The rise of digital health at the 2014 Consumer Electronics Show signals the hockey-stick growth of consumer-facing health devices for fitness and, increasingly, more medical applications in the hands of people, patients, and caregivers. This year at #CES2014, while the 40% growth of the CES digital health footprint will get the headlines, the underlying story will go beyond wristbands and step-tracking generating data from an N of 1 to tools that generate data to bolster shared-decision making between people and the health system, and eventually support population health.
For example:
– Aetna is partnering with J&J to deploy their Care4Today mobile health app with the goal of driving medication adherence. This is a major population health challenge worth $105 billion and thousands of lives saved every year.
– UnitedHealthcare, a large exhibitor in the 2013 CES digital health show, will once again show at #CES2014 featuring its involvement with Comcast in ProjectNotMe, a diabetes prevention program.
– Fitbit, the popular accelerometer that was heavily promoted for 2013 holiday gift-giving and will exhibit at #CES2014, was featured in a peer-reviewed clinical study published in the Annals of Thoracic Surgery in August 2013. The device was shown to be effective in speeding post-surgical outcomes for heart surgery patients.

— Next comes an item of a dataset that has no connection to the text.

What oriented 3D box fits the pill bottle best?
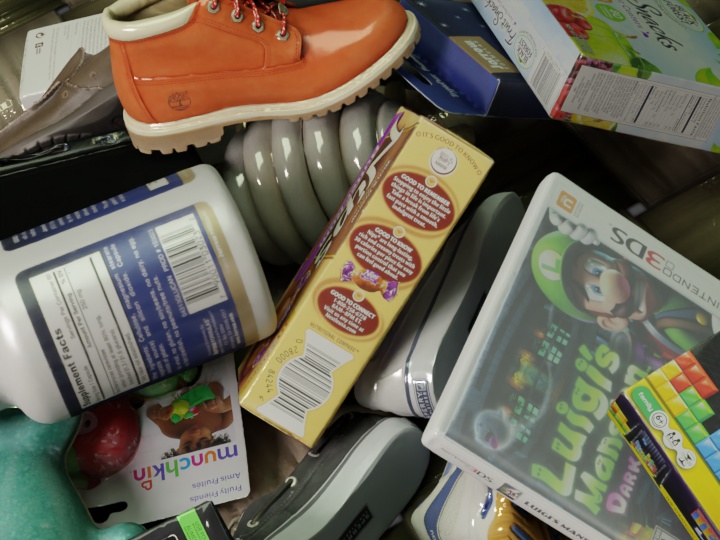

– Lisa Maki, founder of PokitDok, the online marketplace for consumers seeking health services at a pre-agreed price, will be featured on a panel with UnitedHealthcare and Humetrix, a connected health company, on how digital health tools can help consumers deal in the post-Affordable Care Act world.
While the CES segments health tools in 3 buckets: Digital Health, Silvers Summit (for healthy, safe aging) and Fitness Tech – these areas will blur in the context of peoples’ whole-health and value-based payment’s incentives to drive population health and lower costs.
Health Populi’s Hot Points: In 2014, hospitals are looking to stem readmissions for acute myocardial infarction, congestive heart failure, and pneumonia. Health plans seek greater patient engagement strategies that nudge people toward optimal utilization of health system resources (less emergency department, more self-care and retail clinics, for example). Patients themselves, stretching new muscles getting to know high-deductible health plans and health savings accounts, seek greater transparency and convenient access to health care – increasingly outside of the traditional brick-and-mortar physician office and hospital on Pill Hill where parking is expensive, walks to the front door are long, and institutionally-borne infections all-too-common.
As mobile platforms permeate peoples’ every day lives, and people assume a greater role in their health decisions (both financial and clinical), the “m” in “mobile health” will start to fade into the larger paradigm of self-care and shared-connected care in the larger health ecosystem.